*** RECORDED INFORMATION ***
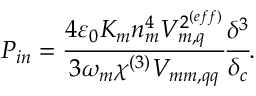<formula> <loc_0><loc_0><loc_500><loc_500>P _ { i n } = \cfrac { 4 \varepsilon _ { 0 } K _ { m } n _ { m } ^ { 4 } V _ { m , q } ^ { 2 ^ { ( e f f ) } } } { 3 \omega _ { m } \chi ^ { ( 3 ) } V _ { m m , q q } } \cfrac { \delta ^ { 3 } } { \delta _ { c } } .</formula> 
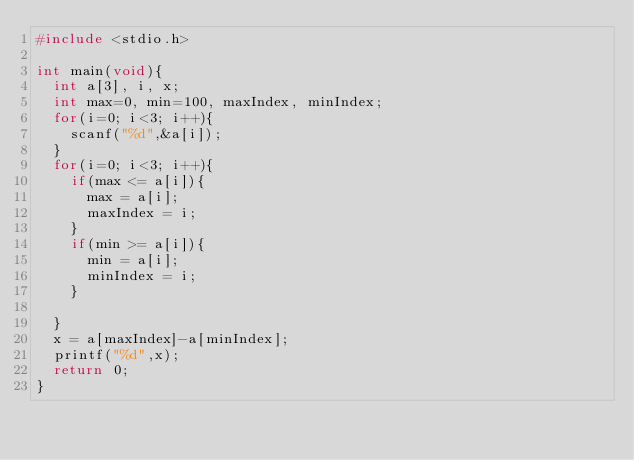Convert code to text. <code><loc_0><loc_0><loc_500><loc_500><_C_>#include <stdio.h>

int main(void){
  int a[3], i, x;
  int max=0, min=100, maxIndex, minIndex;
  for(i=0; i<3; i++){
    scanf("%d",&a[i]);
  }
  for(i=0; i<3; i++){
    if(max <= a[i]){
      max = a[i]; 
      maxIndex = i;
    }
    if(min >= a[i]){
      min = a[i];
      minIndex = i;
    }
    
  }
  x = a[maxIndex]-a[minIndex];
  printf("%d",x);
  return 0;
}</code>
***
*** RECORDED INFORMATION ***
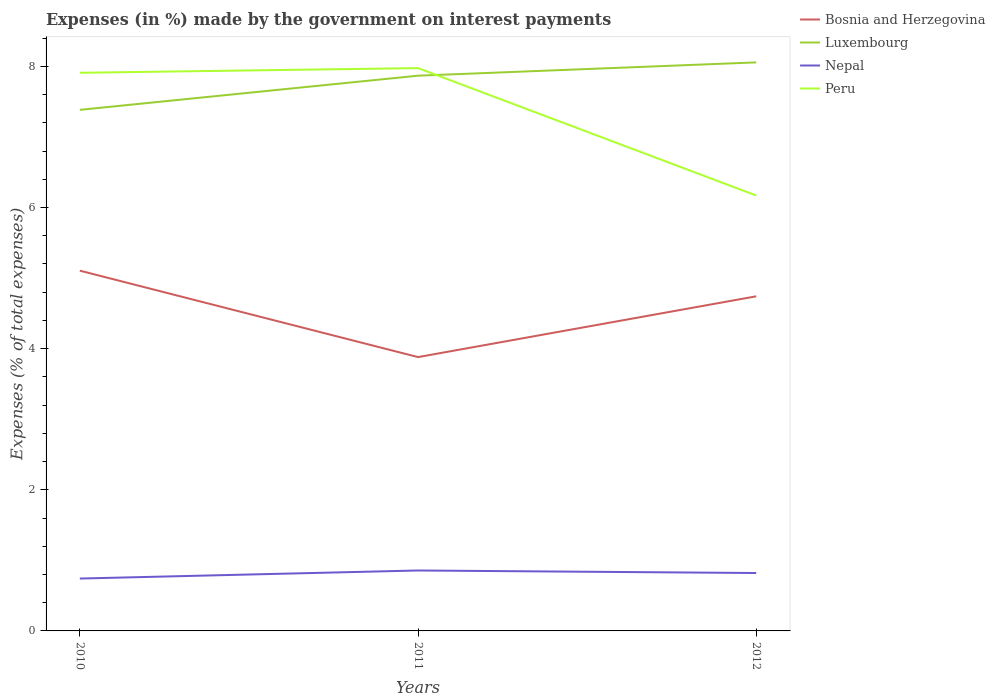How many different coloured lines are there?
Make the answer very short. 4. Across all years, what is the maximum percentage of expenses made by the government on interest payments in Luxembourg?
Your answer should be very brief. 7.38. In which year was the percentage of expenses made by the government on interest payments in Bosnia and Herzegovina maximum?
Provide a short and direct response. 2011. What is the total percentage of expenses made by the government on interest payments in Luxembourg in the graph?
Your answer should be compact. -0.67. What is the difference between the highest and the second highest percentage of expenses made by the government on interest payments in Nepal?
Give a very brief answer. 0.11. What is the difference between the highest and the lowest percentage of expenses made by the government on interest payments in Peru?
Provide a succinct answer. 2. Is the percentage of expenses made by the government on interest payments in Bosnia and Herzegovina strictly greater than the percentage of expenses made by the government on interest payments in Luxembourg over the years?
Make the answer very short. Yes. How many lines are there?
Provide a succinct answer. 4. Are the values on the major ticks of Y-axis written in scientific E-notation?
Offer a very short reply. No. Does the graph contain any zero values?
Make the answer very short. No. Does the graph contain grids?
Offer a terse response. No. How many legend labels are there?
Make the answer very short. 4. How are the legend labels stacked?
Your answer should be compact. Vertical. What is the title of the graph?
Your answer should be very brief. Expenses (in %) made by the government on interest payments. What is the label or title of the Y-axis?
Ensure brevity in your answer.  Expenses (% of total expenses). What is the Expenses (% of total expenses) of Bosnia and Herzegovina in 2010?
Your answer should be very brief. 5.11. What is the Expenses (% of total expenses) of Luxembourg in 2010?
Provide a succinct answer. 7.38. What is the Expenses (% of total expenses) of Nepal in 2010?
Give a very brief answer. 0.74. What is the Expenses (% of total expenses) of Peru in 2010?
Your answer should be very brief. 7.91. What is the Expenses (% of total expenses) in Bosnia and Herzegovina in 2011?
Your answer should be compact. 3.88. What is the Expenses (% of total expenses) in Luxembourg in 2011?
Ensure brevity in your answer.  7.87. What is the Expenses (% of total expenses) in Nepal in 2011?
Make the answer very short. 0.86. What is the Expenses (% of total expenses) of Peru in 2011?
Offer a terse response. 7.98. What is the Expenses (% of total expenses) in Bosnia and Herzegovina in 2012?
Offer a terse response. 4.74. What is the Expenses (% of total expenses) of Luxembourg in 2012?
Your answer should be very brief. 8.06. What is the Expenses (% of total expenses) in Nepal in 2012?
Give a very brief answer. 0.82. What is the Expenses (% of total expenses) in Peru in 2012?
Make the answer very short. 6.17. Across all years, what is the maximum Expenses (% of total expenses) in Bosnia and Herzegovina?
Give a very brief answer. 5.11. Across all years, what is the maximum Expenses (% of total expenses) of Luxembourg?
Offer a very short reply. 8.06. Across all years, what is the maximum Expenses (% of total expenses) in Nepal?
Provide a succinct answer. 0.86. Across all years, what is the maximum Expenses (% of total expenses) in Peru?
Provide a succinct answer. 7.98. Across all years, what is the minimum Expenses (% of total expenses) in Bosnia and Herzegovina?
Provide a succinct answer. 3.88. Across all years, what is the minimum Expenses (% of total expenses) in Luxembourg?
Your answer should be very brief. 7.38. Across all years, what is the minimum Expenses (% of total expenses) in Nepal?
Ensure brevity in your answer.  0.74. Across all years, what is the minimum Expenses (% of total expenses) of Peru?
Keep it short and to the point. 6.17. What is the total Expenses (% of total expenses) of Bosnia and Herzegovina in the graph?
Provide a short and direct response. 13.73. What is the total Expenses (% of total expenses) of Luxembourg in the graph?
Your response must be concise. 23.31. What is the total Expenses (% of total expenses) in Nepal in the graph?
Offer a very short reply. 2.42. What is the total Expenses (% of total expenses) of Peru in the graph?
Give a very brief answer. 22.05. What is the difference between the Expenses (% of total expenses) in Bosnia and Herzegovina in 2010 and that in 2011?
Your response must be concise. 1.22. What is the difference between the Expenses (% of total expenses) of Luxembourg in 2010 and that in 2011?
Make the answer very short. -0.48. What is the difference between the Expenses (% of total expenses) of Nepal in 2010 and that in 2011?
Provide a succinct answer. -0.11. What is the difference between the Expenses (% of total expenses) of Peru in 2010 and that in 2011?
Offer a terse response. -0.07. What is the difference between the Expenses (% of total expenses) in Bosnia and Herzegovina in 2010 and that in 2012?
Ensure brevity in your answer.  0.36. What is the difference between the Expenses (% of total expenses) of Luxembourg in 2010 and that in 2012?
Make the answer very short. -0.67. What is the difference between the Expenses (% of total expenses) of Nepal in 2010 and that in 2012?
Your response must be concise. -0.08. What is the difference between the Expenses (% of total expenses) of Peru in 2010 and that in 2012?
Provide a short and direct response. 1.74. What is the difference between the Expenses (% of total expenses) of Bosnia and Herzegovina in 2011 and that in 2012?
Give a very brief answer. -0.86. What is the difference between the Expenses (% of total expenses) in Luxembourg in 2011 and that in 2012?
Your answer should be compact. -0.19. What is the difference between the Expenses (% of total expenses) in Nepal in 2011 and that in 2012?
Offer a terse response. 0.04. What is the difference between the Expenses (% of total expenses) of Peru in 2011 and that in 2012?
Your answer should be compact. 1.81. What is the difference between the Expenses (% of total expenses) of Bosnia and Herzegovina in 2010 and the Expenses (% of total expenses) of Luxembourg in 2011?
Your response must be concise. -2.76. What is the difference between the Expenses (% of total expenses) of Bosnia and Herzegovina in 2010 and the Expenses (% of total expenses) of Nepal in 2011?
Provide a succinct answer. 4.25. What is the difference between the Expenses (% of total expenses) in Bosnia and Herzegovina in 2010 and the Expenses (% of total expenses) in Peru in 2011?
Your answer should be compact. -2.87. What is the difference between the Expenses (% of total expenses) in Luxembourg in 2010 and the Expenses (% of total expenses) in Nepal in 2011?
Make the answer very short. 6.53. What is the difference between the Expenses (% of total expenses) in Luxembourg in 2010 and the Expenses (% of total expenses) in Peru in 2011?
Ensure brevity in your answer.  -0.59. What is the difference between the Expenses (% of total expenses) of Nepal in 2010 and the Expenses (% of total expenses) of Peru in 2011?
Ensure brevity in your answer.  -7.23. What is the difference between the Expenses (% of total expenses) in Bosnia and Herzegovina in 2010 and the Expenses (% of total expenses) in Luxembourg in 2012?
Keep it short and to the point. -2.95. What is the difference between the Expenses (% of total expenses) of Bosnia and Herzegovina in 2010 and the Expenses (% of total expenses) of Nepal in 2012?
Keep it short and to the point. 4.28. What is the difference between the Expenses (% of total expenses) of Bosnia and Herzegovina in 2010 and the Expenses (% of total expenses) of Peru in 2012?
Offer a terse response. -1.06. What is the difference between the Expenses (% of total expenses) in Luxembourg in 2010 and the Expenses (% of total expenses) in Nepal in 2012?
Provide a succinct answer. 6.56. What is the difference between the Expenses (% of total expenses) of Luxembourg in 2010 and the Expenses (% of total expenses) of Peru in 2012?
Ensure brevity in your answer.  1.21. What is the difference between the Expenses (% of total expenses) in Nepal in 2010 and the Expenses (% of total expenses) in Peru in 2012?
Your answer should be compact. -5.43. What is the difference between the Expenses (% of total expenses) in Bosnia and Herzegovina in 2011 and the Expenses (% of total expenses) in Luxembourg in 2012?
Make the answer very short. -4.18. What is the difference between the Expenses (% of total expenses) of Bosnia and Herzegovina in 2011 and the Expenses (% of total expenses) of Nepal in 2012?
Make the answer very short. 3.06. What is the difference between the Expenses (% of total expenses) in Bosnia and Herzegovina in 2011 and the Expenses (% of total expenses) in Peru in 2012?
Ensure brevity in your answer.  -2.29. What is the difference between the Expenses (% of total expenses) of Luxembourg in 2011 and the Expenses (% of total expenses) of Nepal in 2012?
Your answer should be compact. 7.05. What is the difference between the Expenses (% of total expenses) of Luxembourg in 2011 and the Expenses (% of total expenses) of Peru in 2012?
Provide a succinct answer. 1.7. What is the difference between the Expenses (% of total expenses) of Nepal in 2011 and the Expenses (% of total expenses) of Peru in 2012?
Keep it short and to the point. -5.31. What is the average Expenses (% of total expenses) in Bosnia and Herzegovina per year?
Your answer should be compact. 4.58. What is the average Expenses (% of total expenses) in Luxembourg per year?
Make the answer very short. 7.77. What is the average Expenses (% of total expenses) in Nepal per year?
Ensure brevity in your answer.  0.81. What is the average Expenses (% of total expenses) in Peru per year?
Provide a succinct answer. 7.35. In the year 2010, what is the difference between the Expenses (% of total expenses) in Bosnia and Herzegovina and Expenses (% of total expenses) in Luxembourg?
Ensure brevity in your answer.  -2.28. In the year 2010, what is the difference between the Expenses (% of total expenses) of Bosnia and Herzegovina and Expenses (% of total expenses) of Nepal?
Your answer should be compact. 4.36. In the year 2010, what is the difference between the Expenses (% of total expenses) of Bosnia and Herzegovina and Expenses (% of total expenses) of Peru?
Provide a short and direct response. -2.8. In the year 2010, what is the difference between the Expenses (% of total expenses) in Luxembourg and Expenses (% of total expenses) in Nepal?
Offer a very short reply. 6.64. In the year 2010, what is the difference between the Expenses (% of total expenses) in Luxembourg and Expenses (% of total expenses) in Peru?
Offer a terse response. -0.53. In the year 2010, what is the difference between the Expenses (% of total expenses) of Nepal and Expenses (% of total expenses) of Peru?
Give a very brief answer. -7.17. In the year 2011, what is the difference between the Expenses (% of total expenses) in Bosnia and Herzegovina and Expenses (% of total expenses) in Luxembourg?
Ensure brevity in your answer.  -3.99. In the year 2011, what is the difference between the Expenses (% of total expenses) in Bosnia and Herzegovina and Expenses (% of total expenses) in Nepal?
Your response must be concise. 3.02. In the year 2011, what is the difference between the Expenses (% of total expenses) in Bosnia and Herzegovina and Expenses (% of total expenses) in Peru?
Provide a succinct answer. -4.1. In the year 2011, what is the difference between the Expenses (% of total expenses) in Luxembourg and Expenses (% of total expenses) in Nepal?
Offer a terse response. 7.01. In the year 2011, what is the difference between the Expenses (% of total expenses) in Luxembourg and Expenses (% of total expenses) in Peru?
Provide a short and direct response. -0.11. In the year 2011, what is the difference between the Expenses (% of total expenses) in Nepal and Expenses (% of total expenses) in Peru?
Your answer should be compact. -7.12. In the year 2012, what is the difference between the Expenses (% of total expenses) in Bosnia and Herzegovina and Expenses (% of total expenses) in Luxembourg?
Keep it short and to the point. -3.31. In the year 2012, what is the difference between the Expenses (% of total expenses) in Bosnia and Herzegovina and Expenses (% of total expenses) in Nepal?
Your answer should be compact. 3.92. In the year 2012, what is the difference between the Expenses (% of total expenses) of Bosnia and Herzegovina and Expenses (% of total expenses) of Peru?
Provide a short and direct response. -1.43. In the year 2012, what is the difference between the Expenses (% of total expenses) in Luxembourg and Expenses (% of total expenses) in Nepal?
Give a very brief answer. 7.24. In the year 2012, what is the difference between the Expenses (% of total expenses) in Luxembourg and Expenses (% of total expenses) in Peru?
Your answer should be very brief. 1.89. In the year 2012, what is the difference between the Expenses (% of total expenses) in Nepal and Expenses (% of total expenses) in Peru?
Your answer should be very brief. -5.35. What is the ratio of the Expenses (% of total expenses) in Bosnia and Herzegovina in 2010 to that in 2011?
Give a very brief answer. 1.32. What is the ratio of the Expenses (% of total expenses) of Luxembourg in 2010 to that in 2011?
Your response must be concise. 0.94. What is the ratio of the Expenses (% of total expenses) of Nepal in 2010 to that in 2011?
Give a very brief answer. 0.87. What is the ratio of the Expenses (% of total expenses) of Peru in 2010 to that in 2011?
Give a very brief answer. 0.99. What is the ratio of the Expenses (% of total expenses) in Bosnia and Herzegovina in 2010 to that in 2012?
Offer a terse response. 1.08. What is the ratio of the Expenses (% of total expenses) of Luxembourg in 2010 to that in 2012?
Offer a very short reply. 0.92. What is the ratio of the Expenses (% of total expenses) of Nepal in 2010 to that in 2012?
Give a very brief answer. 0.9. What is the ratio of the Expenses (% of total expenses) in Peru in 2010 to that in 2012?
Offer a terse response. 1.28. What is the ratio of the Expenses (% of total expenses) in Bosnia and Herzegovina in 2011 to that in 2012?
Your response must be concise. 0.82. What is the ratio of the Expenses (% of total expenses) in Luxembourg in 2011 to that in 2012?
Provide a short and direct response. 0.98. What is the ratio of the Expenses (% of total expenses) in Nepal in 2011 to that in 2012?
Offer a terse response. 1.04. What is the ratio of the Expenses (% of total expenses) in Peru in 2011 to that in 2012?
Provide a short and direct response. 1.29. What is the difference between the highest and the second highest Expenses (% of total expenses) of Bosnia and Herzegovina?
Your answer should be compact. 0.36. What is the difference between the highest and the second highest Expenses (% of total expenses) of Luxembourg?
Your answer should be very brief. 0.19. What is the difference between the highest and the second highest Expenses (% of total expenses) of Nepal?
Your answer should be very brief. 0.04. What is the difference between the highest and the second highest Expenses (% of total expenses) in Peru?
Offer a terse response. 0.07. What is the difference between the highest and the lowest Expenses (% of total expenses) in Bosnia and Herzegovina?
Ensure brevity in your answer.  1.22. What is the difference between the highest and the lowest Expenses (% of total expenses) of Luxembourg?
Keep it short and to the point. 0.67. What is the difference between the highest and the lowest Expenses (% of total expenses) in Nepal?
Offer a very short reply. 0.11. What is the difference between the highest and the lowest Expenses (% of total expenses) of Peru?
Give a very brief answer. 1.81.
***
▸ **TASK GOAL**
Transcribe each line of the data above, unaltered, from the one where "Your answer should be very brief. 7.91." appears to the one where "Make the answer very short. 0.86." appears, inclusive of both.

▸ **REPLY**
Your answer should be very brief. 7.91. What is the Expenses (% of total expenses) in Bosnia and Herzegovina in 2011?
Your answer should be compact. 3.88. What is the Expenses (% of total expenses) in Luxembourg in 2011?
Ensure brevity in your answer.  7.87. What is the Expenses (% of total expenses) in Nepal in 2011?
Make the answer very short. 0.86. What is the Expenses (% of total expenses) of Peru in 2011?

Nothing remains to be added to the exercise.